3. The information processing apparatus according to claim 1, wherein
an angle of view of the image capturing apparatus is further controlled.
4. The information processing apparatus according to claim 1, wherein
information regarding a time at which a plurality of captured images used for generation of an image pair are shot is added, as the label, to each of the plurality of image pairs.
5. The information processing apparatus according to claim 1, wherein
information regarding an angle of view of a plurality of captured images used for generation of an image pair is added, as the label, to each of the plurality of image pairs.
6. The information processing apparatus according to claim 1, wherein
the clean image is generated by performing averaging processing on the plurality of captured images.
7. The information processing apparatus according to claim 1, wherein
a mask indicating a region in which positions of a subject do not match in a plurality of captured images shot with an identical angle of view is further created.

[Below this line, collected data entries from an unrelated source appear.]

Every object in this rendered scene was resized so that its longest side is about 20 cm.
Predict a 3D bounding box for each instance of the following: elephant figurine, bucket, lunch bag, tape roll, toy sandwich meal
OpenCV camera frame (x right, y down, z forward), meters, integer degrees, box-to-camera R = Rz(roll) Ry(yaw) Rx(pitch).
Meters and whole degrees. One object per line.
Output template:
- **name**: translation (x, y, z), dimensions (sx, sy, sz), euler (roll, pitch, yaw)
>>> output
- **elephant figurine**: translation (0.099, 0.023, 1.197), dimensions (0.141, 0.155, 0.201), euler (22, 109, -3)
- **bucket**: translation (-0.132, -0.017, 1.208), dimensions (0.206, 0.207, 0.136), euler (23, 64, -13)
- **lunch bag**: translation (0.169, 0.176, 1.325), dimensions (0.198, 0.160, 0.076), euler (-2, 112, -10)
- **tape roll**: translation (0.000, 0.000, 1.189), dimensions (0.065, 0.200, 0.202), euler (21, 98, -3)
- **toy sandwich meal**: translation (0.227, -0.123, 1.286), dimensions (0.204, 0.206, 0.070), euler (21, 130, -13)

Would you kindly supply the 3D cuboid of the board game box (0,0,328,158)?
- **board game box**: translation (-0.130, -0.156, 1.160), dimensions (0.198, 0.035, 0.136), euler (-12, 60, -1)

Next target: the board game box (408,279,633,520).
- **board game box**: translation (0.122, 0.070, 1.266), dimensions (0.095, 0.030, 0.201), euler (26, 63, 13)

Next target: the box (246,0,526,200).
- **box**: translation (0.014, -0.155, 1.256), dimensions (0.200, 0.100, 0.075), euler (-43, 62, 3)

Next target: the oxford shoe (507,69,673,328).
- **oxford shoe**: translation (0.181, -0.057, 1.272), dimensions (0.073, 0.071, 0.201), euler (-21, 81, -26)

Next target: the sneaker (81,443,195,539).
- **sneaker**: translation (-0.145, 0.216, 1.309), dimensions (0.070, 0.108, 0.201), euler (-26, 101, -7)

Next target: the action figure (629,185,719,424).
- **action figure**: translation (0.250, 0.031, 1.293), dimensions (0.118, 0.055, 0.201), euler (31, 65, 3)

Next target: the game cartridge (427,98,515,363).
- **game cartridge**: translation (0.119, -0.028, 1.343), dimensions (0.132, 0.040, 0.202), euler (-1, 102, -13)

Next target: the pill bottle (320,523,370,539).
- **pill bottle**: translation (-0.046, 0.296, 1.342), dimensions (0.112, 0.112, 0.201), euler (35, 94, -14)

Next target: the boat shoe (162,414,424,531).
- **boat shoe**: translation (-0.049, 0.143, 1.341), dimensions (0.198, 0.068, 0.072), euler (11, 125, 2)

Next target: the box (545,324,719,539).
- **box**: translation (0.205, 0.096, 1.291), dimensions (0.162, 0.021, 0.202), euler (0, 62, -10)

8. The information processing apparatus according to claim 7, wherein
the mask is created based on a variance of pixel values of the plurality of captured images at each pixel position of the plurality of captured images.
9. The information processing apparatus according to claim 7, wherein
a same label as a label of a corresponding image pair is further added to each mask corresponding to each of the plurality of image pairs.

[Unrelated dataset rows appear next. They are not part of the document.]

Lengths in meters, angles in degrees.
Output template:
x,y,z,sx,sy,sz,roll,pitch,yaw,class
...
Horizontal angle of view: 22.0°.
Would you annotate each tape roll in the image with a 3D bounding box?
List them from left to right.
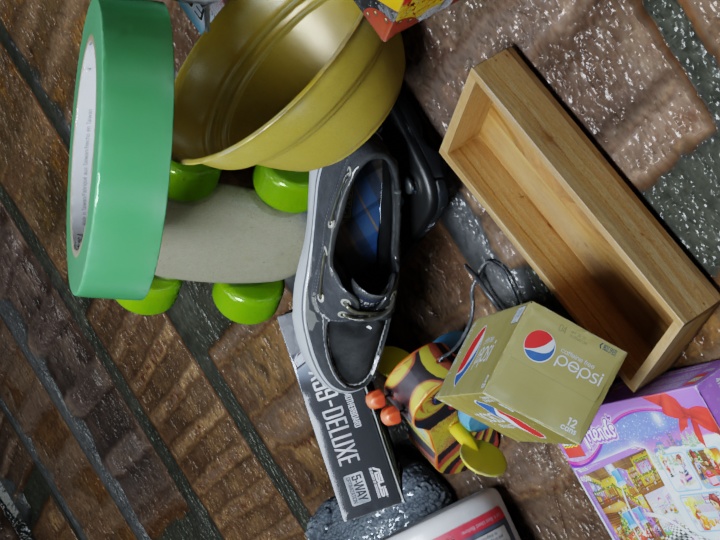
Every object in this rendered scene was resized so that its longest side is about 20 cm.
x,y,z,sx,sy,sz,roll,pitch,yaw,class
-0.162,-0.081,1.233,0.200,0.048,0.201,-176,90,-76,tape roll

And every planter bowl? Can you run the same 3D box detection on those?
x,y,z,sx,sy,sz,roll,pitch,yaw,class
-0.032,-0.126,1.200,0.083,0.201,0.200,40,168,-29,planter bowl

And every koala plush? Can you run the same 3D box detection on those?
x,y,z,sx,sy,sz,roll,pitch,yaw,class
-0.016,0.262,1.555,0.177,0.200,0.184,47,154,27,koala plush

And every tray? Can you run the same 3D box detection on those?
x,y,z,sx,sy,sz,roll,pitch,yaw,class
0.130,-0.031,1.123,0.200,0.037,0.099,52,155,16,tray

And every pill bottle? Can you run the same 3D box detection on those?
x,y,z,sx,sy,sz,roll,pitch,yaw,class
0.095,0.282,1.430,0.200,0.119,0.120,64,157,7,pill bottle

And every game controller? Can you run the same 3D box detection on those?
x,y,z,sx,sy,sz,roll,pitch,yaw,class
0.011,-0.058,1.324,0.104,0.042,0.200,56,156,10,game controller

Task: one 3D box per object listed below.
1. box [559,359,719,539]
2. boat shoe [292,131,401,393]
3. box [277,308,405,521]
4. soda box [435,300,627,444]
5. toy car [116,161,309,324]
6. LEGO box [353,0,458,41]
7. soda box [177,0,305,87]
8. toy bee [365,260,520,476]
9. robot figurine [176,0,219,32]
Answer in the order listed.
x,y,z,sx,sy,sz,roll,pitch,yaw,class
0.204,0.132,1.159,0.137,0.039,0.200,60,157,-3,box
0.000,0.000,1.257,0.066,0.070,0.201,-137,47,-57,boat shoe
-0.013,0.099,1.423,0.200,0.050,0.158,17,-125,-89,box
0.103,0.067,1.165,0.068,0.064,0.200,28,174,-3,soda box
-0.114,-0.088,1.429,0.164,0.157,0.200,114,155,-46,toy car
0.002,-0.258,1.059,0.200,0.077,0.149,54,157,13,LEGO box
-0.092,-0.207,1.329,0.200,0.063,0.068,55,157,13,soda box
0.049,0.085,1.334,0.131,0.109,0.200,33,146,49,toy bee
-0.108,-0.261,1.208,0.170,0.113,0.201,-75,-16,-62,robot figurine

10. The information processing apparatus according to claim 1, wherein
based on a noisy image and a clean image included in the image pair, a second image pair including a second noisy image and a second clean image is generated.
11. The information processing apparatus according to claim 10, wherein
a difference image is generated based on a difference between a noisy image and a clean image included in the image pair, given image processing is performed on the clean image to generate the second clean image, and the difference image and the second clean image are added to generate the second noisy image.

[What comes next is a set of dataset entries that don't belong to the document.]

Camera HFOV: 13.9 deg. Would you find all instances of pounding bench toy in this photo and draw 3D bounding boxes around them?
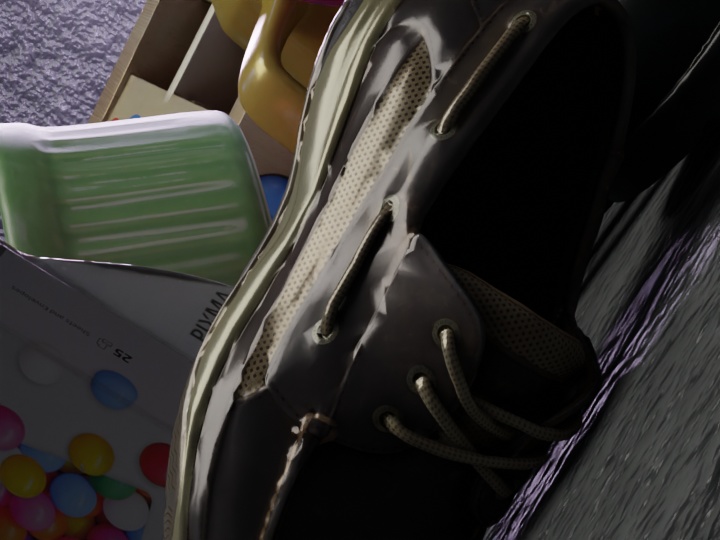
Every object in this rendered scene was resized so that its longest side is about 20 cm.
[{"bbox_3d":[-0.006,-0.037,1.378,0.156,0.200,0.124,28,91,58],"label":"pounding bench toy"}]

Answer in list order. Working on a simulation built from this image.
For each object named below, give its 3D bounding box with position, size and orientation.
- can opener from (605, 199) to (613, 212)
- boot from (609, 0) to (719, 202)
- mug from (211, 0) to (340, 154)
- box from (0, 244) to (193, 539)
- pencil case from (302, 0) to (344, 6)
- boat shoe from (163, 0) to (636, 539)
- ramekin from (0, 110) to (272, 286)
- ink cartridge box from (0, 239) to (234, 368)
[{"bbox_3d":[0.026,0.003,0.856,0.200,0.079,0.063,-43,5,45],"label":"can opener"},{"bbox_3d":[0.053,-0.141,0.742,0.200,0.168,0.076,-59,9,-3],"label":"boot"},{"bbox_3d":[0.027,-0.104,1.054,0.150,0.153,0.187,-58,3,5],"label":"mug"},{"bbox_3d":[-0.100,0.077,0.810,0.156,0.200,0.041,-57,3,30],"label":"box"},{"bbox_3d":[0.003,-0.192,0.981,0.094,0.091,0.201,-40,50,55],"label":"pencil case"},{"bbox_3d":[0.012,0.017,0.674,0.073,0.074,0.201,-2,71,51],"label":"boat shoe"},{"bbox_3d":[-0.080,0.033,1.148,0.200,0.097,0.201,169,90,-83],"label":"ramekin"},{"bbox_3d":[-0.090,0.056,0.859,0.160,0.200,0.047,-56,1,36],"label":"ink cartridge box"}]

12. The information processing apparatus according to claim 11, wherein
the given image processing is motion blur adding processing.
13. A learning apparatus that performs learning of a noise reduction model for reducing noise included in an image, the learning apparatus comprising:
a learning unit that performs learning of the noise reduction model using a plurality of image pairs generated by the information processing apparatus according to claim 1.
14. A control method of an information processing apparatus that generates a plurality of image pairs used for learning of a noise reduction model for reducing noise included in an image, the control method comprising:
obtaining a captured image obtained by an image capturing apparatus that can control an angle of view;
generating an image pair including a noisy image including noise in an image and a clean image in which noise is reduced in an image, based on a plurality of captured images shot with an identical angle of view;
controlling a plurality of image pairs corresponding to a plurality of angles of view different from each other so as to be generated by the generating; and
adding a label that can uniquely identify each image pair to each of the plurality of image pairs.
15. A non-transitory computer-readable recording medium storing a program that, when executed by a computer, causes the computer to perform a control method of an information processing apparatus that generates a plurality of image pairs used for learning of a noise reduction model for reducing noise included in an image, the control method comprising:
obtaining a captured image obtained by an image capturing apparatus that can control an angle of view;
generating an image pair including a noisy image including noise in an image and a clean image in which noise is reduced in an image, based on a plurality of captured images shot with an identical angle of view;
controlling a plurality of image pairs corresponding to a plurality of angles of view different from each other so as to be generated by the generating; and
adding a label that can uniquely identify each image pair to each of the plurality of image pairs.